Pretty nice guys you lot are.  

My attendance sucks too. But that's because I sit at home most of the time.  (was 40% last sem )

I am pretty sure your prof just doesnt have the time to really run after you. He will get tired soon, and not really bother about you. 

And I am not accountable for the outcome either, use at your own risk.   XD


----------



## thewisecrab (Oct 8, 2009)

My attendance was 98% in school, now it's well. . . Let's not in down that road.  Anyway, the OP is definitely better off coming clean and telling his parents what happened. At the most they'll be upset with you for a week or something after which you'll be fine, that's better off than lying to 10 different people, forgetting what you told to whom, & then getting even more screwed in the end.


----------



## rohan_mhtr (Oct 10, 2009)

Got out of it by telling the truth but you would need some guts . Today i went to see the professor after a friend of mine in the same year tipped me with good ideas . Some funny things happened

Today 11am .....
knock knock 
SIR: whos there ....
ME: Sir its me , i want to have a word with you 
SIR: where are your parents 
ME: sir i have not yet told them regarding this
SIR: then dont enter my office without your parents , i am not taking your journal so that you well get a well deserved drop this year !!! (In engineering if our journals are not checked or submitted then we may get a year drop)
ME: sir i am extremely sorry about everything and i also lied to you
SIR: What lie ?
Me: that i was sick 
SIR: i know that it was a lie .  Let me check your attendence again( took out his register) Oh my god only 9 attended out of 46 
ME : 46 !! ( in my mind i was thinking when i had attended those nine , i remembered only 3, well someone must have gave proxies )
ME: Sir i know i have made a big mistake by not attending your lectures , this i realized recently when i started studying and could not understand a single topic .
I know i lost all those precious lectures but i want to compensate !!
SIR: what ?
ME: since i lost my lectures can you  teach me in your tutions , Atul told me you take privat classes , can i join it , i will pay your fees !!
SIR: the portion is almost completed but can you come on fridays and sundays 
ME : sure 
SIR: i take Rs4000 for a crash course from other students but since you are a BE student of our own college i will take only RS 3500 !!
ME: Ok sir i will pay and start as soon as possible
ME: Sir ; what about my journal .
SIR: Oh , keep it on my table under those files . Is it completed ?
ME : Ya but the diagrams of the 4th and 7th experiment ,i dont know if it is correct , also the graph of 2nd experiment is incomplete . ( Actually i could not find anyones file to copy them from since most of the students had submited their files )
SIR: Anyway keep your file there and make sure you complete it after i check it 
 ME: Sure sir 
SIR: come on friday at my  class at 5 , is it ok . and also bring your fees since its already late
By then i was allready leaving his office .

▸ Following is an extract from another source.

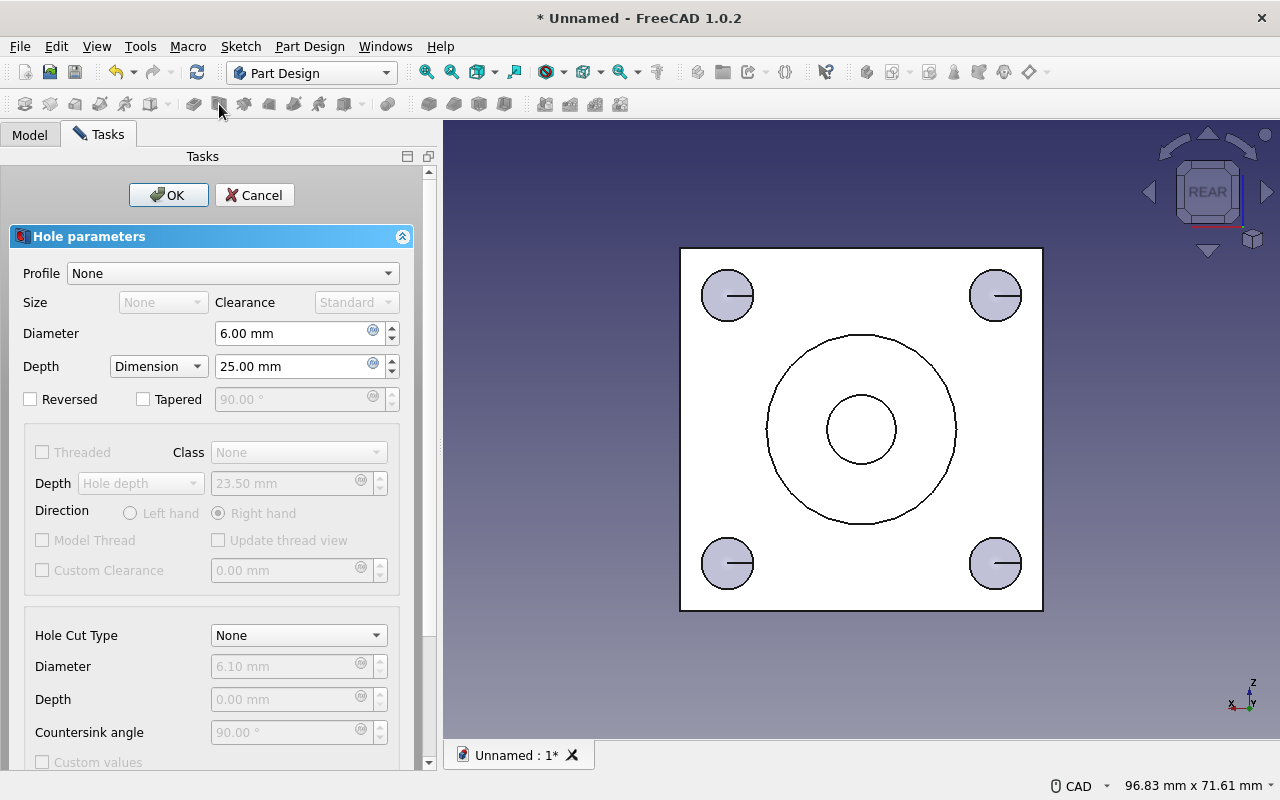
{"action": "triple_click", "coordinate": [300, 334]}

This is the professor who refuses to check anyones jounal if even the date column is incomplete !!!


----------



## Krow (Oct 10, 2009)

Money power... Dunno which smiley to post alongside this!


----------



## Cool G5 (Oct 10, 2009)

Whosh! Good Escape


----------



## thewisecrab (Oct 10, 2009)

cheeky bast*ard you 

Anyways, don't dig such a grave like this again


----------



## Stuge (Oct 10, 2009)

yup ! some good work there 

not make sure from next year/Sem  this doesn't happen again .

I never had attendance problem in college since mine was always more 85%


----------